### [Your assignment]
Give back the entries that follow exactly as written. Any picture gets left out.

### [Collection entries]
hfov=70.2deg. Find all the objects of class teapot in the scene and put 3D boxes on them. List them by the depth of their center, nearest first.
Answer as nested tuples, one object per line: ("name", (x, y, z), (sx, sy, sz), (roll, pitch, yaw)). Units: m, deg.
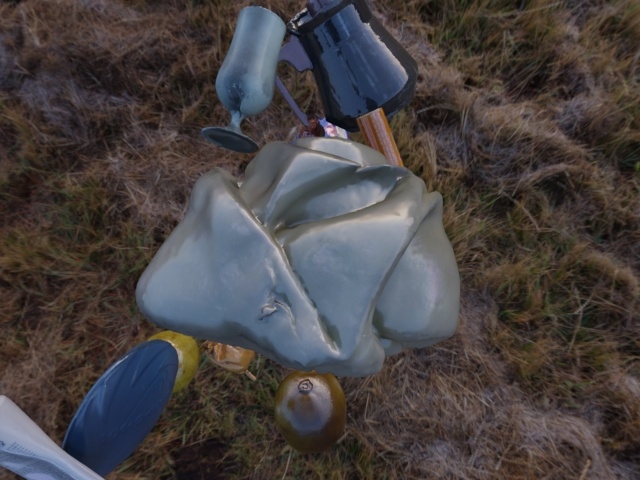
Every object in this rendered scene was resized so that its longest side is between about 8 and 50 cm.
("teapot", (0.054, -0.501, 1.285), (0.375, 0.306, 0.362), (-34, 116, 4))

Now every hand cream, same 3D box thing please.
("hand cream", (-0.422, 0.346, 0.704), (0.121, 0.076, 0.336), (-22, 119, 23))

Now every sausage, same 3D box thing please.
("sausage", (0.163, -0.207, 1.135), (0.071, 0.071, 0.235), (-22, 103, 7))
("sausage", (-0.028, -0.316, 1.383), (0.076, 0.141, 0.076), (6, 129, 7))

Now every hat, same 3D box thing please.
("hat", (-0.320, 0.444, 1.737), (0.233, 0.244, 0.233), (-39, 87, 0))

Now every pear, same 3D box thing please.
("pear", (-0.505, 0.407, 1.510), (0.208, 0.209, 0.209), (-1, 85, 9))

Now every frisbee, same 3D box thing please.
("frisbee", (-0.359, 0.330, 0.872), (0.049, 0.289, 0.290), (22, 89, 16))

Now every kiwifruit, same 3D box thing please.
("kiwifruit", (-0.027, 0.436, 1.185), (0.195, 0.234, 0.196), (-7, 45, 7))

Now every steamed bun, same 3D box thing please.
("steamed bun", (0.000, 0.000, 0.571), (0.367, 0.342, 0.256), (15, 98, 19))

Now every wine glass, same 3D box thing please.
("wine glass", (-0.129, -0.279, 0.795), (0.103, 0.103, 0.231), (11, 83, 10))

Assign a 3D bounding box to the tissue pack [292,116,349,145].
("tissue pack", (0.004, -0.261, 1.566), (0.209, 0.137, 0.270), (-27, 58, 37))
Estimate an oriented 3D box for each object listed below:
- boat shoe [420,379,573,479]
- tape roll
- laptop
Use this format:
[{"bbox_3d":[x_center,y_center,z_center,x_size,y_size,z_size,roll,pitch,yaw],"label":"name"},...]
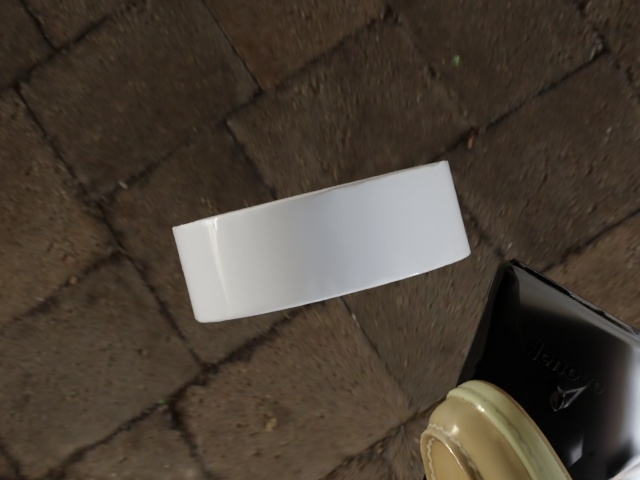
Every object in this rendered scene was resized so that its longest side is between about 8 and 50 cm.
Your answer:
[{"bbox_3d":[0.090,0.207,0.638,0.089,0.104,0.285,-16,90,-14],"label":"boat shoe"},{"bbox_3d":[0.000,0.000,1.397,0.286,0.286,0.100,-14,93,1],"label":"tape roll"},{"bbox_3d":[0.126,0.273,1.016,0.408,0.382,0.236,-36,39,35],"label":"laptop"}]
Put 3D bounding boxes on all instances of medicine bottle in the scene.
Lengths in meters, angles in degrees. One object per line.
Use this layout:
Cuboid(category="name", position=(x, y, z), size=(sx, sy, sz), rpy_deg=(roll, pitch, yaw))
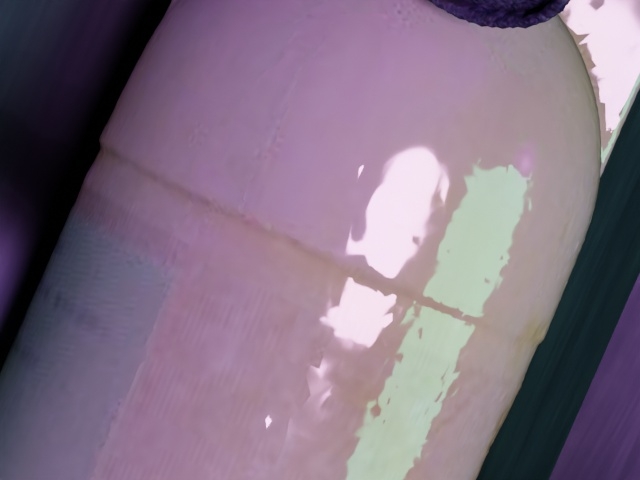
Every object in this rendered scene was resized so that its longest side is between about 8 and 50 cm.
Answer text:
Cuboid(category="medicine bottle", position=(0.000, 0.000, 0.915), size=(0.406, 0.236, 0.236), rpy_deg=(-66, 162, 2))

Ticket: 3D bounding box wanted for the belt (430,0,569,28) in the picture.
Cuboid(category="belt", position=(0.032, -0.192, 0.786), size=(0.126, 0.230, 0.139), rpy_deg=(-50, -176, -37))
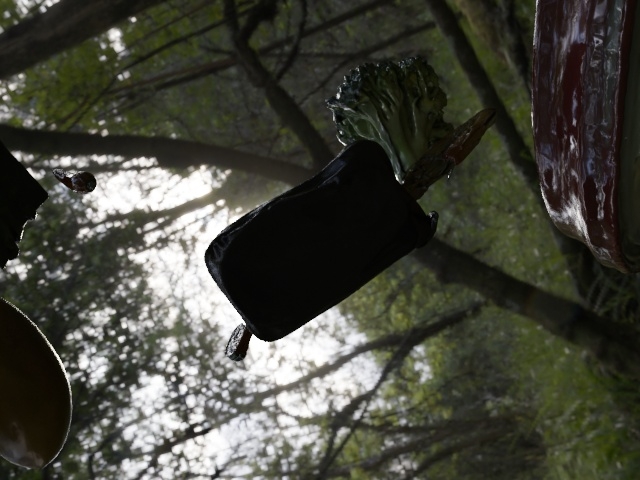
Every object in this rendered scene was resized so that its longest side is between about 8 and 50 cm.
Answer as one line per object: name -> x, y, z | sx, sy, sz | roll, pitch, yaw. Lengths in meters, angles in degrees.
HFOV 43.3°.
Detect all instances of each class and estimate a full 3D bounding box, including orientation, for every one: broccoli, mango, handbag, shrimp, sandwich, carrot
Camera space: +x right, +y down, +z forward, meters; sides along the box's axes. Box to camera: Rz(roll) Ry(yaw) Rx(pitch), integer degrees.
broccoli -> 0.154, -0.229, 1.572 | 0.288, 0.248, 0.245 | -15, -117, -36
mango -> -0.508, 0.210, 1.251 | 0.317, 0.211, 0.173 | 45, -152, 6
handbag -> -0.639, -0.092, 1.490 | 0.260, 0.079, 0.247 | 56, -155, -29
shrimp -> 0.230, -0.154, 1.434 | 0.068, 0.248, 0.150 | 45, 163, 0
handbag -> 0.002, -0.002, 1.199 | 0.191, 0.332, 0.075 | 56, 179, -13
sandwich -> -0.160, 0.199, 1.587 | 0.026, 0.069, 0.101 | 34, -137, -19
carrot -> -0.362, -0.088, 1.186 | 0.035, 0.142, 0.035 | -8, -76, -37

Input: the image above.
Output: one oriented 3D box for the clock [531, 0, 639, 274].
clock -> 0.204, -0.136, 0.442 | 0.318, 0.080, 0.318 | -28, -56, -50
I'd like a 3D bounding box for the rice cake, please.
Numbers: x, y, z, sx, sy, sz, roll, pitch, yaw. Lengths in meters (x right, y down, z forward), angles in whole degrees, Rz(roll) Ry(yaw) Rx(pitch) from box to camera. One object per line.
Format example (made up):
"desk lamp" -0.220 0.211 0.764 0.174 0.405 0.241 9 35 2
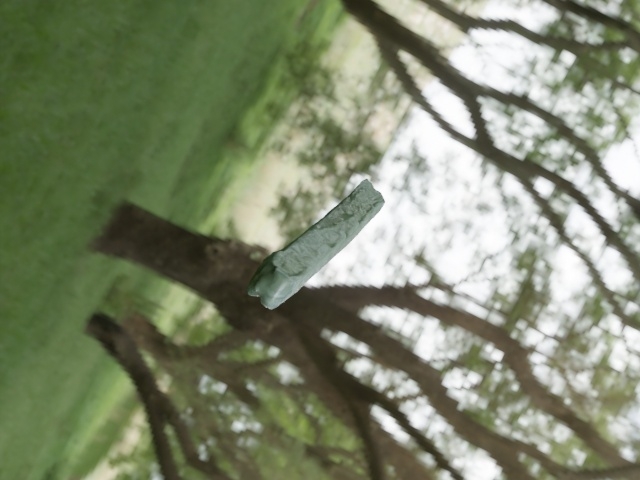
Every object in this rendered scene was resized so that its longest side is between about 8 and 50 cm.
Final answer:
"rice cake" 0.000 0.000 0.600 0.022 0.021 0.121 -51 176 31
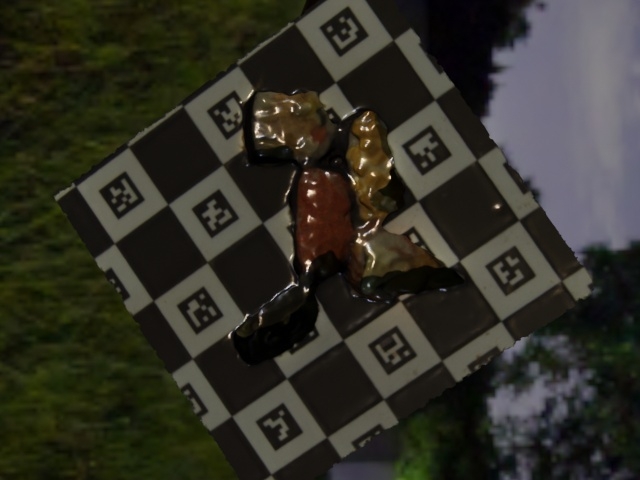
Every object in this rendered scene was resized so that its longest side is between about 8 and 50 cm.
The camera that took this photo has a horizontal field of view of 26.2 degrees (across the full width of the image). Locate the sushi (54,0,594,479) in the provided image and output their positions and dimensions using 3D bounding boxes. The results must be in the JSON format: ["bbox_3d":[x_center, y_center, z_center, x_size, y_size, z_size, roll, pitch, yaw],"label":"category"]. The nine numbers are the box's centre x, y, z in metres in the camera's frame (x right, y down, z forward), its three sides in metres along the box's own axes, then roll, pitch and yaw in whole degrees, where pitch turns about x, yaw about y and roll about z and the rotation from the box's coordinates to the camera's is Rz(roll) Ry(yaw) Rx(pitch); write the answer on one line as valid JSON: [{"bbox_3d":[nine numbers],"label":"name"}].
[{"bbox_3d":[0.000,0.000,1.228,0.343,0.359,0.064,55,11,3],"label":"sushi"}]

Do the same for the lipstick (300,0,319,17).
[{"bbox_3d":[0.052,-0.309,1.232,0.057,0.057,0.357,-71,-177,-82],"label":"lipstick"}]
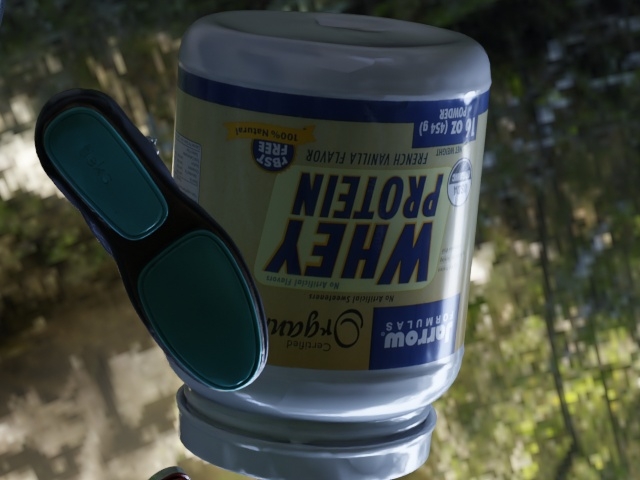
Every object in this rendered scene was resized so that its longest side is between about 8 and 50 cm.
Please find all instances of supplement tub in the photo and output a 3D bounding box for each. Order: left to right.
[{"bbox_3d":[0.000,0.000,1.402,0.228,0.316,0.228,4,-167,-1],"label":"supplement tub"}]

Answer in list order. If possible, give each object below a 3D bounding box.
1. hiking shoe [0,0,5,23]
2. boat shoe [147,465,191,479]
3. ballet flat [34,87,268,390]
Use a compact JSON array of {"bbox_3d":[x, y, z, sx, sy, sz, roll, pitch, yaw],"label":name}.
[{"bbox_3d":[-0.232,-0.234,1.117,0.113,0.304,0.132,-13,171,8],"label":"hiking shoe"},{"bbox_3d":[-0.074,0.185,1.110,0.049,0.137,0.043,-33,-127,-21],"label":"boat shoe"},{"bbox_3d":[-0.095,-0.005,1.100,0.074,0.203,0.074,-30,-161,12],"label":"ballet flat"}]
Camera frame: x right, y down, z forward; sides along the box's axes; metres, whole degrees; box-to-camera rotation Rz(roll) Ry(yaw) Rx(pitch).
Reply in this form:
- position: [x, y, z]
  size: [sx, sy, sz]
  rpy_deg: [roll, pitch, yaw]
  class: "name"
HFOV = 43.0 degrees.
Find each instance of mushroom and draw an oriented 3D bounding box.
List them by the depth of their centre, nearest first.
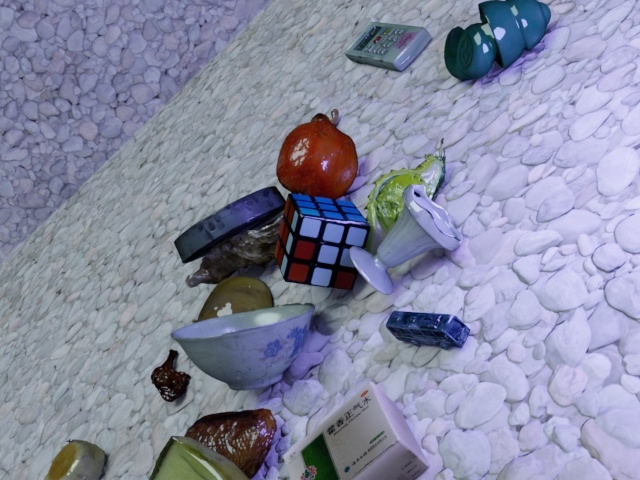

### [Response area]
hfov=70.2deg. Find all the objects of class teapot in the scene and put 3D boxes on them. List them by the depth of their center, nearest first.
Answer as nested tuples, one object per line: ("name", (x, y, z), (sx, sy, sz), (roll, pitch, yaw)). Units: m, deg.
Every object in this rendered scene was resized so that its longest side is between about 8 and 50 cm.
("teapot", (0.054, -0.501, 1.285), (0.375, 0.306, 0.362), (-34, 116, 4))

Now every hand cream, same 3D box thing please.
("hand cream", (-0.422, 0.346, 0.704), (0.121, 0.076, 0.336), (-22, 119, 23))

Now every sausage, same 3D box thing please.
("sausage", (0.163, -0.207, 1.135), (0.071, 0.071, 0.235), (-22, 103, 7))
("sausage", (-0.028, -0.316, 1.383), (0.076, 0.141, 0.076), (6, 129, 7))

Now every hat, same 3D box thing please.
("hat", (-0.320, 0.444, 1.737), (0.233, 0.244, 0.233), (-39, 87, 0))

Now every pear, same 3D box thing please.
("pear", (-0.505, 0.407, 1.510), (0.208, 0.209, 0.209), (-1, 85, 9))

Now every frisbee, same 3D box thing please.
("frisbee", (-0.359, 0.330, 0.872), (0.049, 0.289, 0.290), (22, 89, 16))

Now every kiwifruit, same 3D box thing please.
("kiwifruit", (-0.027, 0.436, 1.185), (0.195, 0.234, 0.196), (-7, 45, 7))

Now every steamed bun, same 3D box thing please.
("steamed bun", (0.000, 0.000, 0.571), (0.367, 0.342, 0.256), (15, 98, 19))

Now every wine glass, same 3D box thing please.
("wine glass", (-0.129, -0.279, 0.795), (0.103, 0.103, 0.231), (11, 83, 10))

Assign a 3D bounding box to the tissue pack [292,116,349,145].
("tissue pack", (0.004, -0.261, 1.566), (0.209, 0.137, 0.270), (-27, 58, 37))
Estimate an oriented 3D box for each object listed below:
- boat shoe [420,379,573,479]
- tape roll
- laptop
Use this format:
[{"bbox_3d":[x_center,y_center,z_center,x_size,y_size,z_size,roll,pitch,yaw],"label":"name"},...]
Every object in this rendered scene was resized so that its longest side is between about 8 and 50 cm.
Your answer:
[{"bbox_3d":[0.090,0.207,0.638,0.089,0.104,0.285,-16,90,-14],"label":"boat shoe"},{"bbox_3d":[0.000,0.000,1.397,0.286,0.286,0.100,-14,93,1],"label":"tape roll"},{"bbox_3d":[0.126,0.273,1.016,0.408,0.382,0.236,-36,39,35],"label":"laptop"}]
Put 3D bounding boxes on all instances of medicine bottle in the scene.
Lengths in meters, angles in degrees. One object per line.
Use this layout:
Cuboid(category="name", position=(x, y, z), size=(sx, sy, sz), rpy_deg=(roll, pitch, yaw))
Every object in this rendered scene was resized so that its longest side is between about 8 and 50 cm.
Answer text:
Cuboid(category="medicine bottle", position=(0.000, 0.000, 0.915), size=(0.406, 0.236, 0.236), rpy_deg=(-66, 162, 2))

Ticket: 3D bounding box wanted for the belt (430,0,569,28) in the picture.
Cuboid(category="belt", position=(0.032, -0.192, 0.786), size=(0.126, 0.230, 0.139), rpy_deg=(-50, -176, -37))
Every object in this rendered scene was resized so that its longest side is between about 8 and 50 cm.
Answer as one line per object: name -> x, y, z | sx, sy, sz | roll, pitch, yaw. Lengths in meters, angles in degrees.
HFOV 43.3°.
Detect all instances of each class and estimate a full 3D bounding box, including orientation, for every one: broccoli, mango, handbag, shrimp, sandwich, carrot
Camera space: +x right, +y down, +z forward, meters; sides along the box's axes. Box to camera: Rz(roll) Ry(yaw) Rx(pitch), integer degrees.
broccoli -> 0.154, -0.229, 1.572 | 0.288, 0.248, 0.245 | -15, -117, -36
mango -> -0.508, 0.210, 1.251 | 0.317, 0.211, 0.173 | 45, -152, 6
handbag -> -0.639, -0.092, 1.490 | 0.260, 0.079, 0.247 | 56, -155, -29
shrimp -> 0.230, -0.154, 1.434 | 0.068, 0.248, 0.150 | 45, 163, 0
handbag -> 0.002, -0.002, 1.199 | 0.191, 0.332, 0.075 | 56, 179, -13
sandwich -> -0.160, 0.199, 1.587 | 0.026, 0.069, 0.101 | 34, -137, -19
carrot -> -0.362, -0.088, 1.186 | 0.035, 0.142, 0.035 | -8, -76, -37

Input: the image above.
Output: one oriented 3D box for the clock [531, 0, 639, 274].
clock -> 0.204, -0.136, 0.442 | 0.318, 0.080, 0.318 | -28, -56, -50
I'd like a 3D bounding box for the rice cake, please.
Numbers: x, y, z, sx, sy, sz, roll, pitch, yaw. Lengths in meters (x right, y down, z forward), angles in whole degrees, Rz(roll) Ry(yaw) Rx(pitch) from box to camera. One object per line.
Format example (made up):
"desk lamp" -0.220 0.211 0.764 0.174 0.405 0.241 9 35 2
Every object in this rendered scene was resized so that its longest side is between about 8 and 50 cm.
Final answer:
"rice cake" 0.000 0.000 0.600 0.022 0.021 0.121 -51 176 31
Every object in this rendered scene was resized so that its longest side is between about 8 and 50 cm.
The camera that took this photo has a horizontal field of view of 26.2 degrees (across the full width of the image). Locate the sushi (54,0,594,479) in the provided image and output their positions and dimensions using 3D bounding boxes. The results must be in the JSON format: ["bbox_3d":[x_center, y_center, z_center, x_size, y_size, z_size, roll, pitch, yaw],"label":"category"]. The nine numbers are the box's centre x, y, z in metres in the camera's frame (x right, y down, z forward), its three sides in metres along the box's own axes, then roll, pitch and yaw in whole degrees, where pitch turns about x, yaw about y and roll about z and the rotation from the box's coordinates to the camera's is Rz(roll) Ry(yaw) Rx(pitch); write the answer on one line as valid JSON: [{"bbox_3d":[nine numbers],"label":"name"}].
[{"bbox_3d":[0.000,0.000,1.228,0.343,0.359,0.064,55,11,3],"label":"sushi"}]

Do the same for the lipstick (300,0,319,17).
[{"bbox_3d":[0.052,-0.309,1.232,0.057,0.057,0.357,-71,-177,-82],"label":"lipstick"}]
Every object in this rendered scene was resized so that its longest side is between about 8 and 50 cm.
Please find all instances of supplement tub in the photo and output a 3D bounding box for each. Order: left to right.
[{"bbox_3d":[0.000,0.000,1.402,0.228,0.316,0.228,4,-167,-1],"label":"supplement tub"}]

Answer in list order. If possible, give each object below a 3D bounding box.
1. hiking shoe [0,0,5,23]
2. boat shoe [147,465,191,479]
3. ballet flat [34,87,268,390]
Use a compact JSON array of {"bbox_3d":[x, y, z, sx, sy, sz, roll, pitch, yaw],"label":name}.
[{"bbox_3d":[-0.232,-0.234,1.117,0.113,0.304,0.132,-13,171,8],"label":"hiking shoe"},{"bbox_3d":[-0.074,0.185,1.110,0.049,0.137,0.043,-33,-127,-21],"label":"boat shoe"},{"bbox_3d":[-0.095,-0.005,1.100,0.074,0.203,0.074,-30,-161,12],"label":"ballet flat"}]
Camera frame: x right, y down, z forward; sides along the box's axes; metres, whole degrees; box-to-camera rotation Rz(roll) Ry(yaw) Rx(pitch).
Reply in this form:
- position: [x, y, z]
  size: [sx, sy, sz]
  rpy_deg: [roll, pitch, yaw]
  class: "name"
HFOV = 43.0 degrees.
Find each instance of mushroom and draw an oriented 3D bounding box.
List them by the depth of their centre, nearest first.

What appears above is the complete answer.